**Records shown**
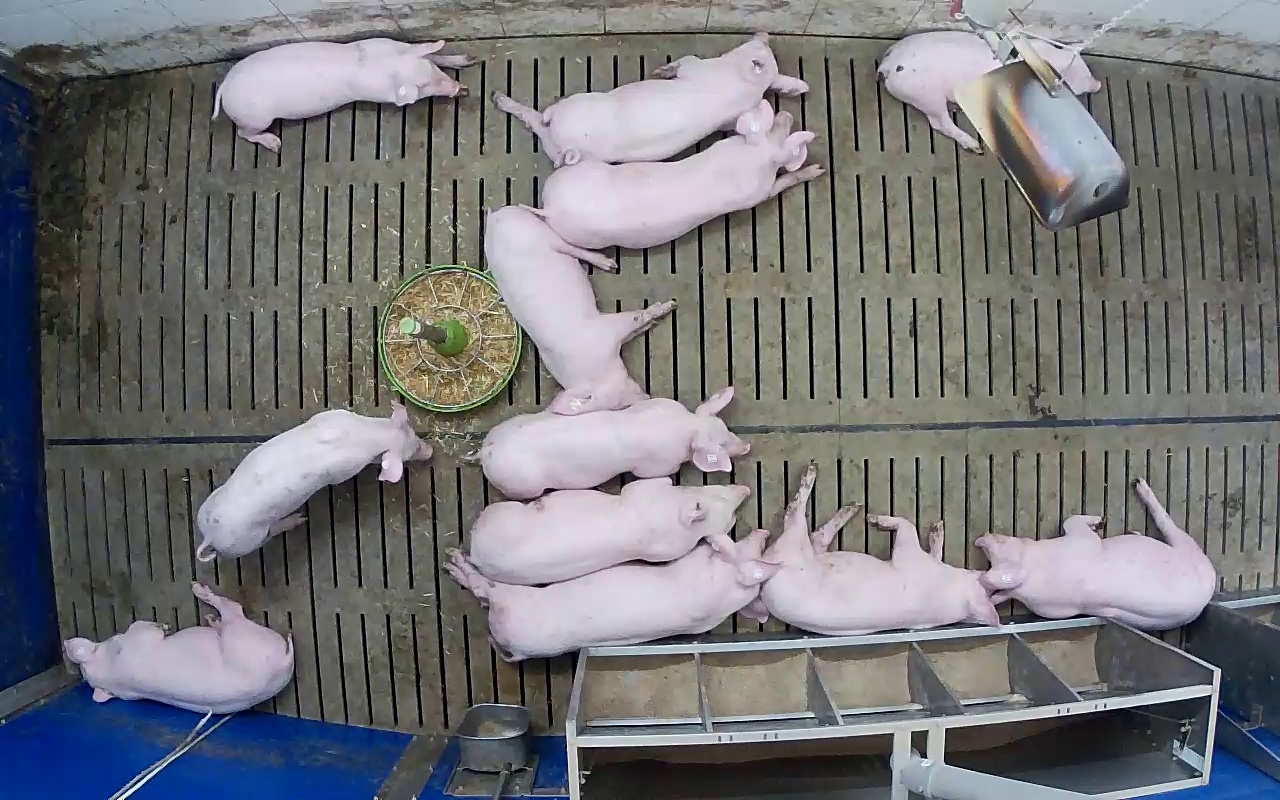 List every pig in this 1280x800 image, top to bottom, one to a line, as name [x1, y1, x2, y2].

pig [873, 29, 1103, 157]
pig [209, 31, 478, 152]
pig [487, 31, 812, 172]
pig [516, 98, 828, 252]
pig [485, 202, 680, 417]
pig [465, 386, 753, 502]
pig [191, 400, 434, 564]
pig [759, 465, 1002, 635]
pig [973, 477, 1218, 634]
pig [467, 478, 753, 587]
pig [444, 527, 782, 664]
pig [63, 581, 298, 715]

**What to work on**
Only the text of the records belongs in the answer; reproduce it verbatim, with no pictures.

**Response to the task**
 List every pig in this 1280x800 image, top to bottom, one to a line, as name [x1, y1, x2, y2].

pig [873, 29, 1103, 157]
pig [209, 31, 478, 152]
pig [487, 31, 812, 172]
pig [516, 98, 828, 252]
pig [485, 202, 680, 417]
pig [465, 386, 753, 502]
pig [191, 400, 434, 564]
pig [759, 465, 1002, 635]
pig [973, 477, 1218, 634]
pig [467, 478, 753, 587]
pig [444, 527, 782, 664]
pig [63, 581, 298, 715]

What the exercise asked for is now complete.